Fedora's foundations meet proprietary drivers
Fedora's foundations meet proprietary drivers
Posted Sep 27, 2017 16:54 UTC (Wed) by drag (guest, #31333)In reply to: Fedora's foundations meet proprietary drivers by Priscus
Parent article: Fedora's foundations meet proprietary drivers
Then users should be able to boot to the previous good kernel, which doesn't get uninstalled during the upgrade, so they can get their proprietary drivers back. They can then file bugs to get the Nvidia driver working on newer kernels.

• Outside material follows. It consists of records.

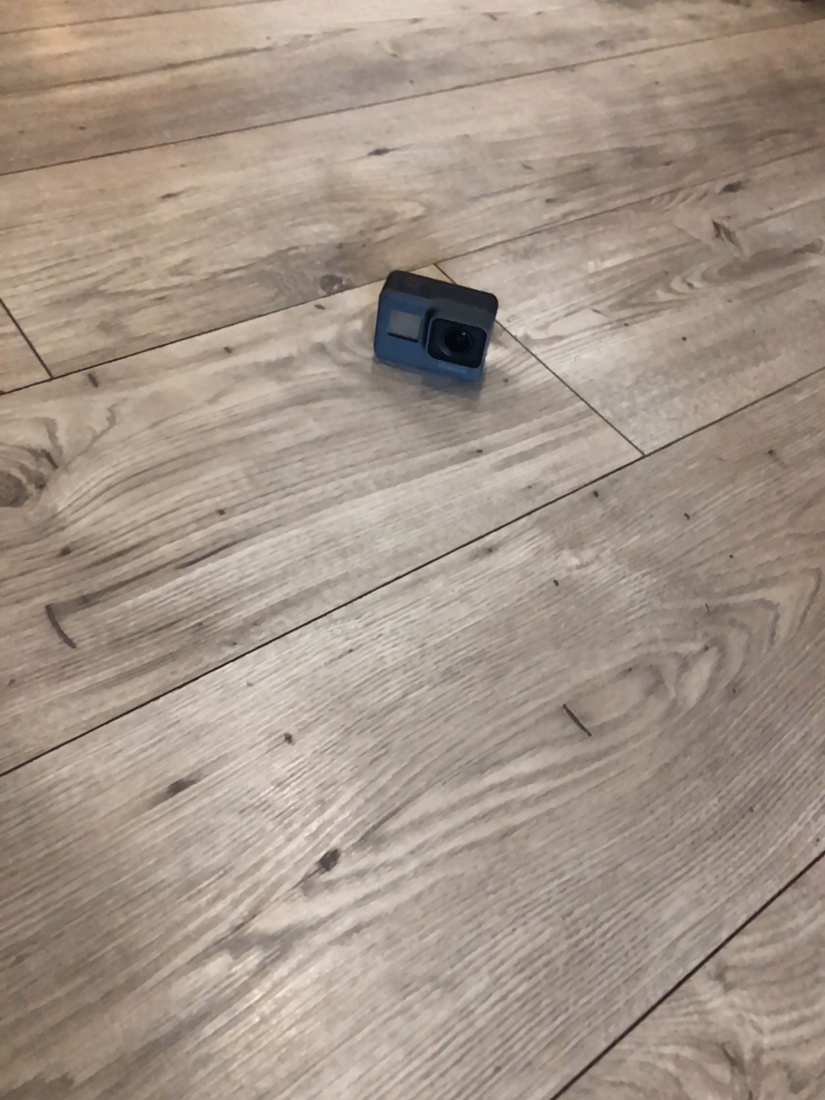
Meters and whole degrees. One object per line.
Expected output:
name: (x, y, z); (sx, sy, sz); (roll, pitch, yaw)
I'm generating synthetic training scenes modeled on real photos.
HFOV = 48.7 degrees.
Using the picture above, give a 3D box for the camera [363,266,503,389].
camera: (0.011, -0.119, 0.489); (0.065, 0.040, 0.032); (14, 50, 2)
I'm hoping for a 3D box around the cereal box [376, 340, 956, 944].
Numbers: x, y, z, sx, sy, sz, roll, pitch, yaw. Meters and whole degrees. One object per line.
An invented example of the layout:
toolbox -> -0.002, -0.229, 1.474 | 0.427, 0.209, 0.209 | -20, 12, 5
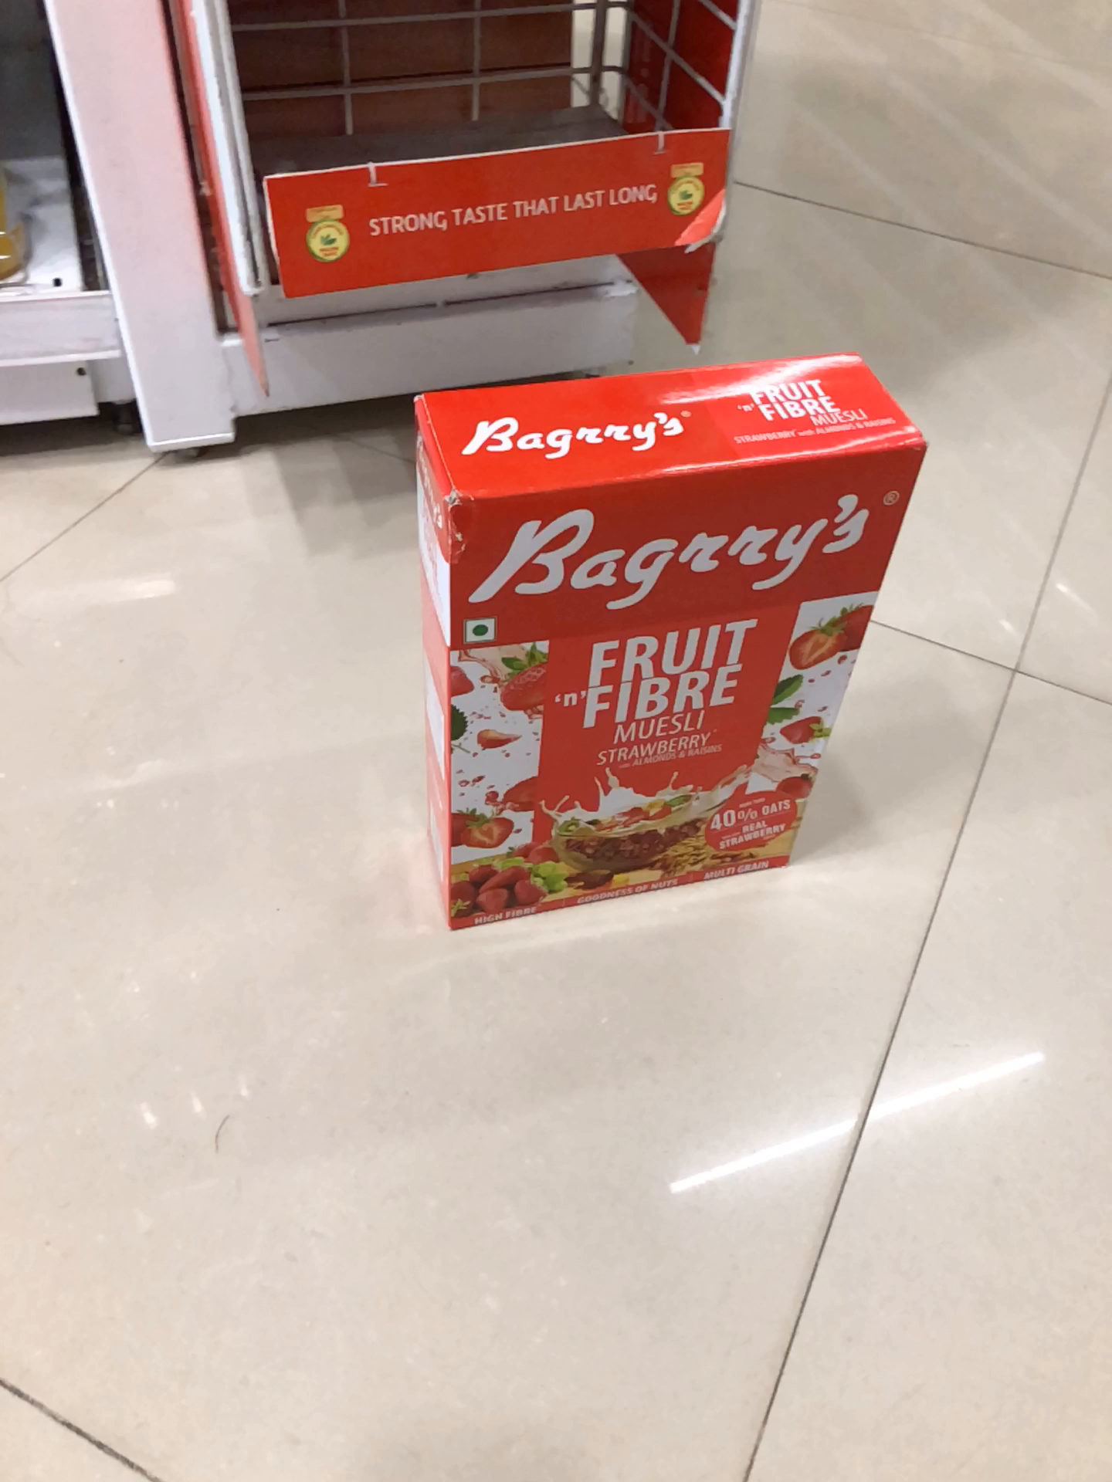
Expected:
cereal box -> 0.033, -0.032, 0.541 | 0.200, 0.258, 0.070 | -10, 49, -13

The problem with LTS kernels is that there are a lot of things that depend on new kernels. For example Fedora/Redhat switched relatively recently to using overlayfs2 for docker... if that isn't supported in the LTS kernel (I don't know if it is or if it is not) then that means that users will be forced to configure docker-storage-setup differently depending on the video card driver they use, which is kinda insane if you think about it.
Other things could crop as well, such as bad or old Intel support for laptops that support dual video cards, wifi drivers being old, or a dozen other issues.
For a distribution like Fedora that is more 'cutting edge' I will happily take have to occasionally booting into the previous know good kernel and filing bug reports rather then having Fedora trying to manage a very old and a very new kernel in the same OS installs.